But just weeks before its publication, emails reveal that authors held lengthy discussions with experts where they were told the symptoms seen in coronavirus could have originated from lab animals – as well as from the wild. The experts involved in the discussions included Chief Scientific Advisor Sir Patrick Vallance and Wellcome Trust head Sir Jeremy Farrar.

This correspondence has only just been aired due to the release of the emails under a Freedom of Information Act (FOI) requested by freelance journalist James Tobias, reports The Telegraph. 

The experts were also warned that the Wuhan Institute of Virology (WIV) had been researching bat coronaviruses at alarming levels of biosecurity. But once the paper was published, there was little reference to the biosecurity issues in Wuhan, and the authors claimed it was unlikely that the virus came from a lab. 

The paper’s lead author Prof Kristian Anderse from the Scripps Research Institute had also earlier told colleagues that aspects of the emerging virus looked like they could have been created in a lab, but there was no mention of this in the paper.
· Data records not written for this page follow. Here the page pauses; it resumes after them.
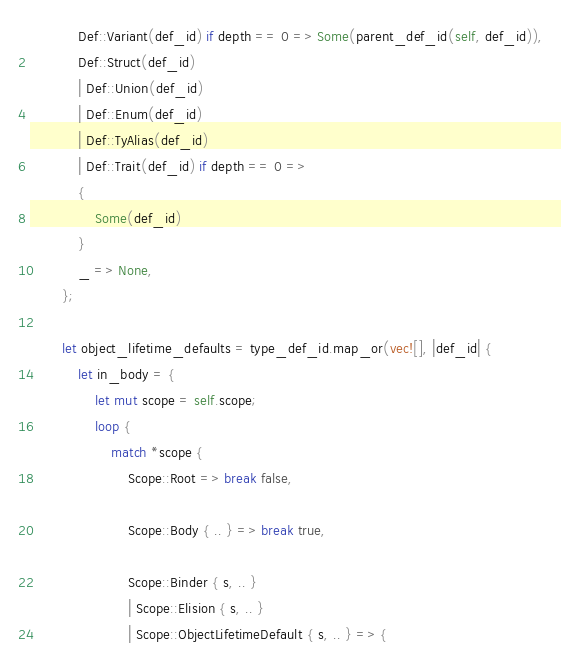Convert code to text. <code><loc_0><loc_0><loc_500><loc_500><_Rust_>            Def::Variant(def_id) if depth == 0 => Some(parent_def_id(self, def_id)),
            Def::Struct(def_id)
            | Def::Union(def_id)
            | Def::Enum(def_id)
            | Def::TyAlias(def_id)
            | Def::Trait(def_id) if depth == 0 =>
            {
                Some(def_id)
            }
            _ => None,
        };

        let object_lifetime_defaults = type_def_id.map_or(vec![], |def_id| {
            let in_body = {
                let mut scope = self.scope;
                loop {
                    match *scope {
                        Scope::Root => break false,

                        Scope::Body { .. } => break true,

                        Scope::Binder { s, .. }
                        | Scope::Elision { s, .. }
                        | Scope::ObjectLifetimeDefault { s, .. } => {</code> 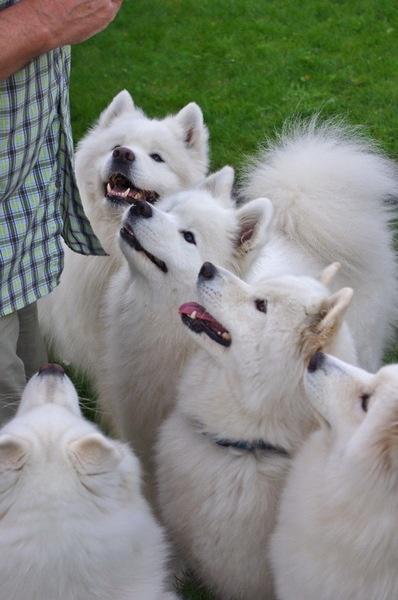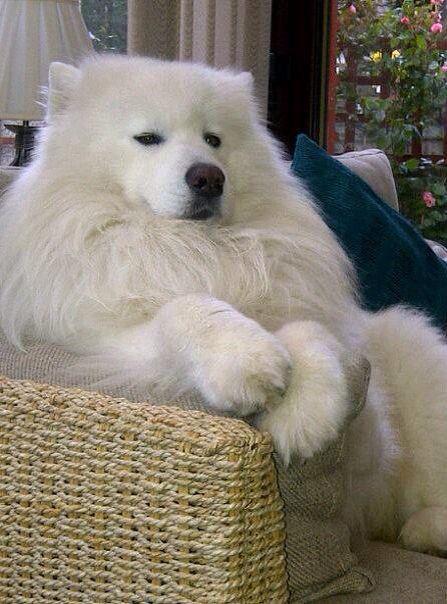The first image is the image on the left, the second image is the image on the right. Given the left and right images, does the statement "The left image contains a dog interacting with a rabbit." hold true? Answer yes or no. No. The first image is the image on the left, the second image is the image on the right. Considering the images on both sides, is "One image features a rabbit next to a dog." valid? Answer yes or no. No. 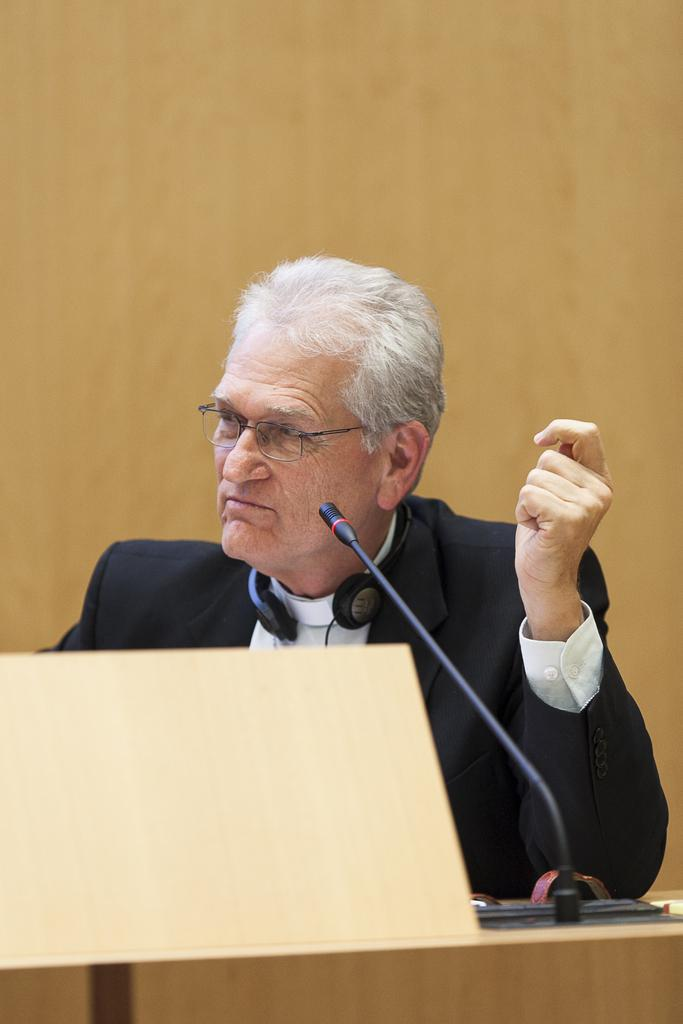Who is the main subject in the image? There is a person in the image. What is the person doing in the image? The person is standing in front of a table. What can be seen on the table? There is a mic on the table. What is the person wearing? The person is wearing spectacles and a coat. What is the color of the wall in the background? The wall in the background is cream colored. What type of garden can be seen in the image? There is no garden present in the image; it features a person standing in front of a table with a mic. How does the person divide their time between cooking and other activities in the image? The image does not show the person cooking or engaging in any other activities besides standing in front of a table with a mic. 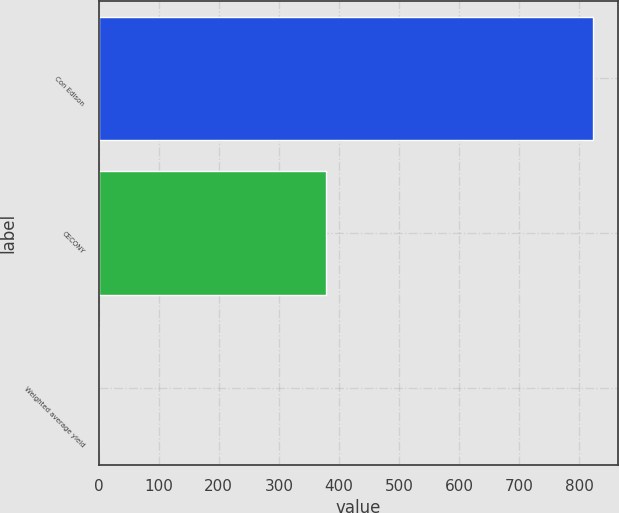Convert chart. <chart><loc_0><loc_0><loc_500><loc_500><bar_chart><fcel>Con Edison<fcel>CECONY<fcel>Weighted average yield<nl><fcel>823<fcel>379<fcel>0.4<nl></chart> 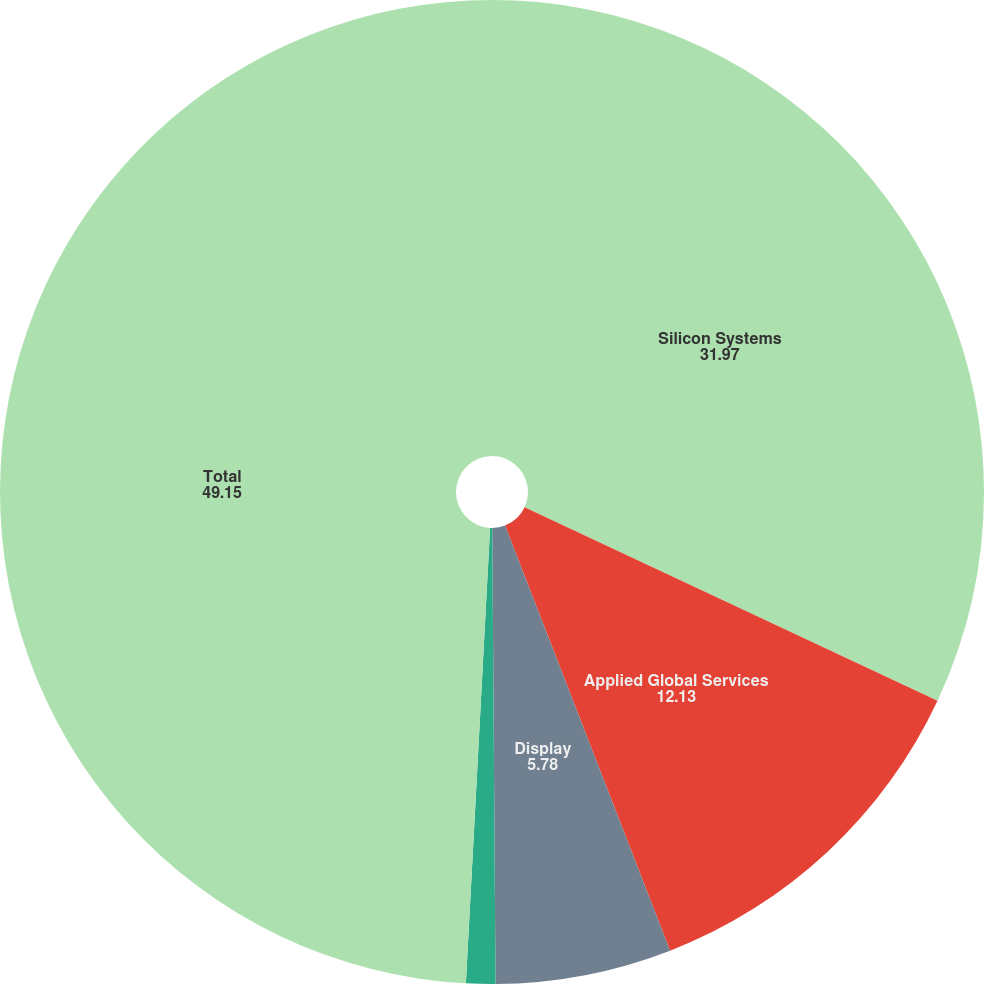Convert chart to OTSL. <chart><loc_0><loc_0><loc_500><loc_500><pie_chart><fcel>Silicon Systems<fcel>Applied Global Services<fcel>Display<fcel>Energy and Environmental<fcel>Total<nl><fcel>31.97%<fcel>12.13%<fcel>5.78%<fcel>0.96%<fcel>49.15%<nl></chart> 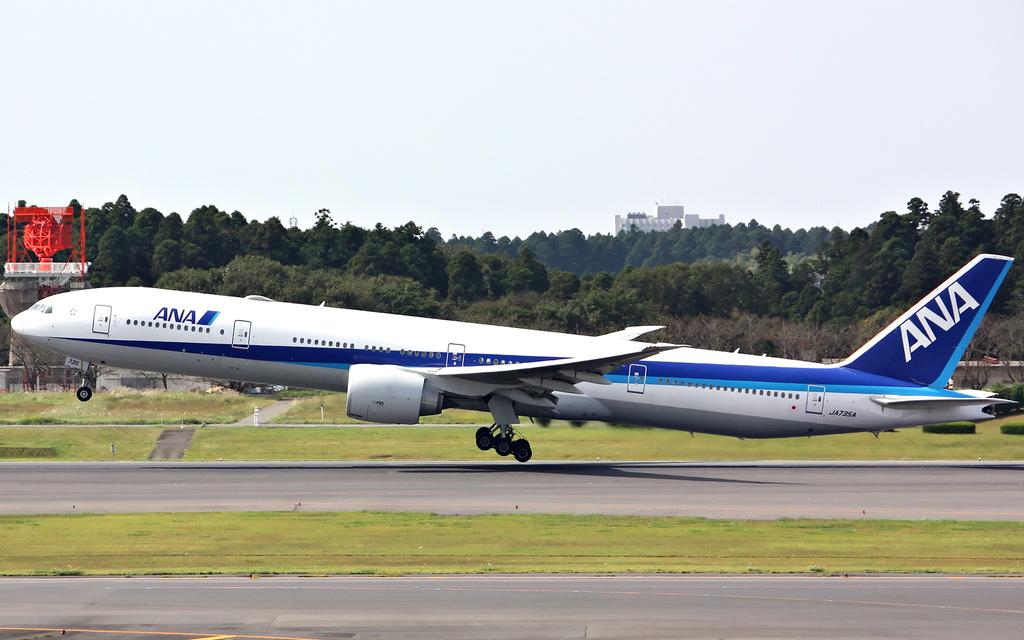Which airline is this?
Provide a short and direct response. Ana. What is the registration number of the plane?
Ensure brevity in your answer.  Ja735a. 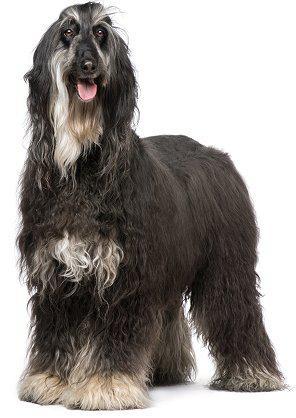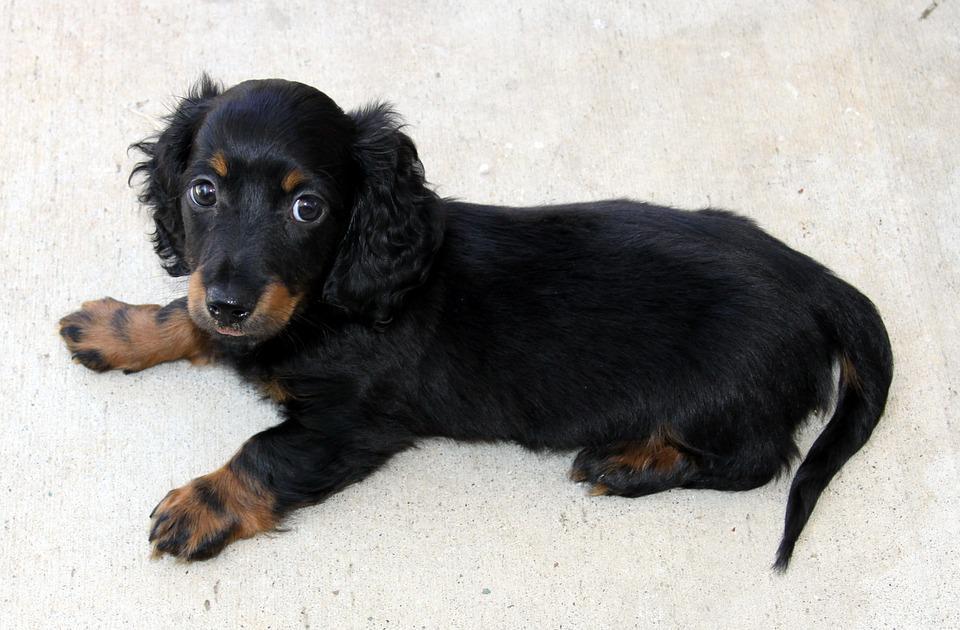The first image is the image on the left, the second image is the image on the right. For the images shown, is this caption "An image shows exactly one dog standing on all fours, and its fur is wavy-textured and dark grayish with paler markings." true? Answer yes or no. Yes. The first image is the image on the left, the second image is the image on the right. Given the left and right images, does the statement "A dog in one of the images is lying down." hold true? Answer yes or no. Yes. 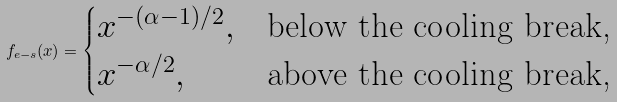<formula> <loc_0><loc_0><loc_500><loc_500>f _ { e - s } ( x ) = \begin{cases} x ^ { - ( \alpha - 1 ) / 2 } , & \text {below the cooling break,} \\ x ^ { - \alpha / 2 } , & \text {above the cooling break,} \end{cases}</formula> 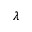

Viscount Ridley, former Tory peer and co-author of Viral: The Search for the Origin of Covid-19, told Express.co.uk spoke of his interpretation of the email chain and what it could have signalled all those months ago.

He said: “Yes, it’s a helpful revelation. It shows that the scientists placed heavy emphasis on the announcement on February 7 from Southern China Agricultural University 2020 that pangolins had essentially the same (99%) virus and that therefore the intermediate host had been found.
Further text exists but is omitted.